Here, we are interested in determining factors associated with
better or poorer learning outcomes.

## The Data

The anonymized dataset is taken from the Listening and
Spoken Language Data Repository (LSL-DR), an international data repository.

The anonymized data set tracks the demographics and longitudinal
outcomes for children who have hearing loss and are enrolled in
programs focused on supporting listening and spoken language
development. Researchers are interested in discovering factors
related to improvements in educational outcomes within these programs.

The data set contains a suite of available predictors including:

- Gender (`male`)
- Number of household siblings (`siblings`)
- Index of family involvement (`family_inv`)
- Whether the primary household language is not English (`non_english`)
- Presence of a previous disability (`prev_disab`)
- Non-white race (`non_white`)
- Age at time of testing (in months, `age_test`)
- Whether hearing loss is not severe (`non_severe_hl`)
- Whether the subject's mother obtained a high school diploma or better (`mother_hs`)
- Whether the hearing impairment was identified by 3 months of age (`early_ident`)

The outcome variable is a standardized test score in one of several
learning domains.

In [None]:
# Load the test scores to be analyzed.
test_scores = pd.read_csv(pm.get_data('test_scores.csv'), index_col=0)
test_scores.head()

In [None]:
# Examine a histogram of the outcomes
test_scores['score'].hist()

plt.show()

In [None]:
# Dropping missing values is, generally, a **very bad idea**. We do so
# in this case for simplicity.
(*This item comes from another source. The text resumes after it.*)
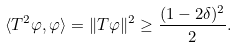<formula> <loc_0><loc_0><loc_500><loc_500>\langle T ^ { 2 } \varphi , \varphi \rangle = \| T \varphi \| ^ { 2 } \geq \frac { ( 1 - 2 \delta ) ^ { 2 } } { 2 } .</formula>

Additionally, we convert all values to
# floating point numbers.
X = test_scores.dropna().astype(float)

# The `DataFrame.pop()` method drops the specified item from the
# `DataFrame` and returns the dropped items.
y = X.pop('score')

# Standardize the features
X -= X.mean() # Centered at the mean
X /= X.std() # Normalize to the standard deviation

# I'm uncertain. What do `N` and `D` stand for?
N, D = X.shape
N, D